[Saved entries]
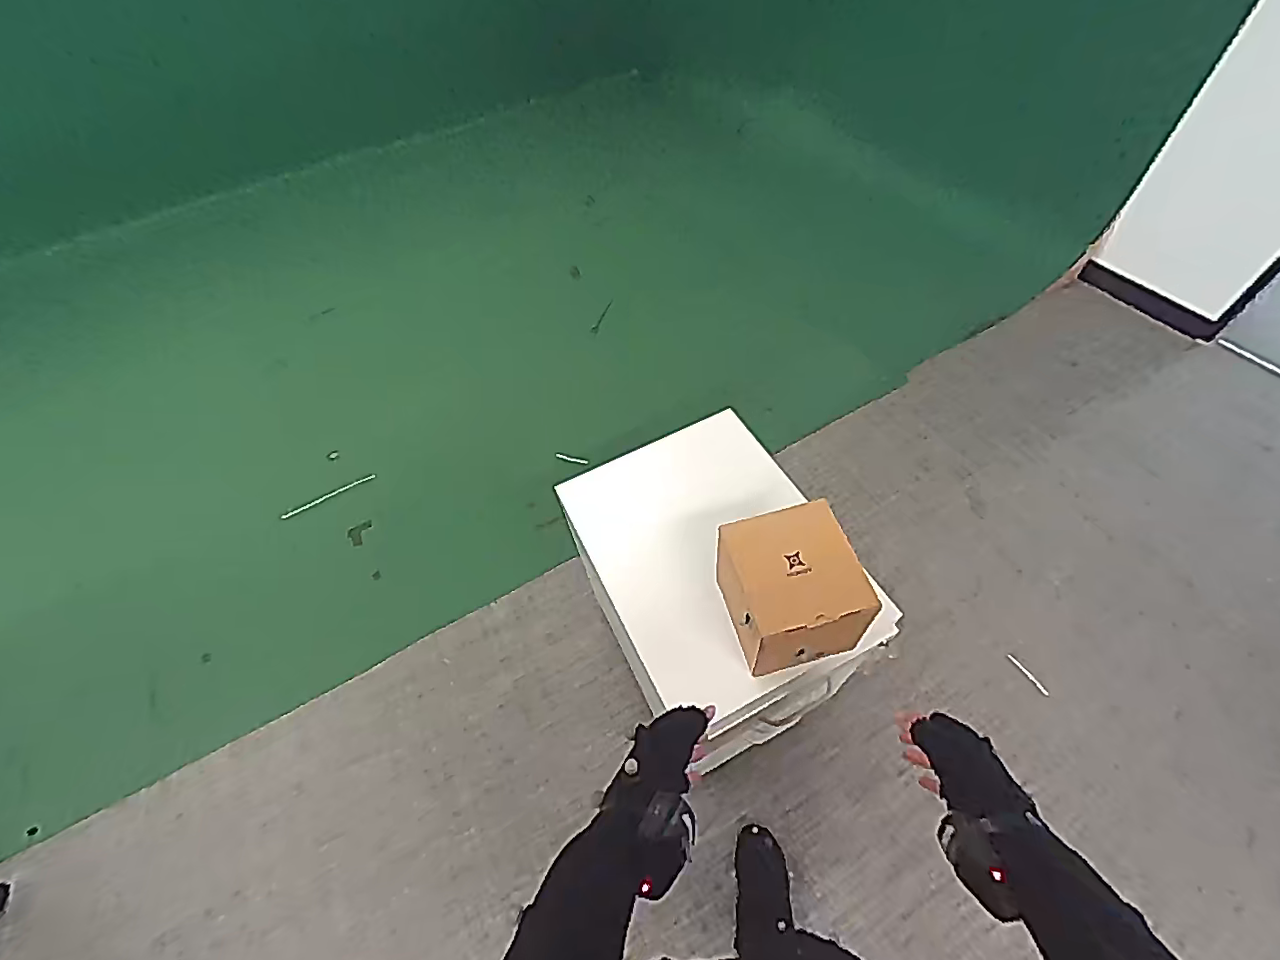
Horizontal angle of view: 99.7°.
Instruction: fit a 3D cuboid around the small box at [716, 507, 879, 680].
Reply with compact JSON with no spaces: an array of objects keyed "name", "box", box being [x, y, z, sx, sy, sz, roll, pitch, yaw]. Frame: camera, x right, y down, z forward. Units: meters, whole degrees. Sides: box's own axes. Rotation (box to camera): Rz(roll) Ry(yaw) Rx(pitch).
[{"name":"small box","box":[0.215,0.170,0.799,0.168,0.176,0.179,-14,54,-4]}]
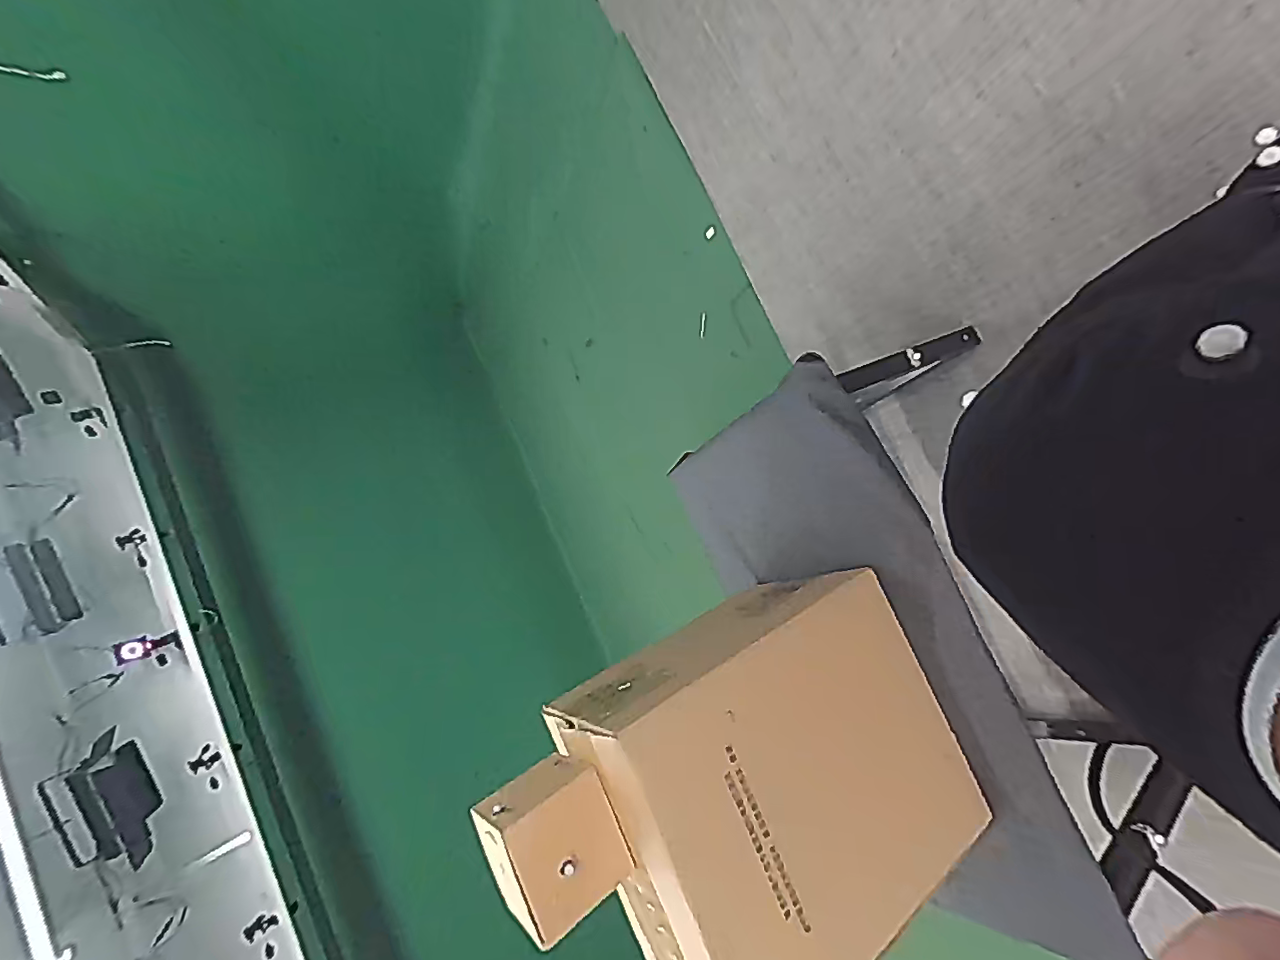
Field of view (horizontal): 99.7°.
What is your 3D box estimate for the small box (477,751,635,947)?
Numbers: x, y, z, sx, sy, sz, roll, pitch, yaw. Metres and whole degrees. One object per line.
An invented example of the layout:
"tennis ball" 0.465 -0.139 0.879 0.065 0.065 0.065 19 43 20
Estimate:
"small box" -0.135 0.576 0.874 0.168 0.176 0.179 -30 83 54

> _PROMPT_
Copy every line from the records above that contains the string "view".

> _SOLUTION TO THIS TASK_
Horizontal angle of view: 99.7°.
Field of view (horizontal): 99.7°.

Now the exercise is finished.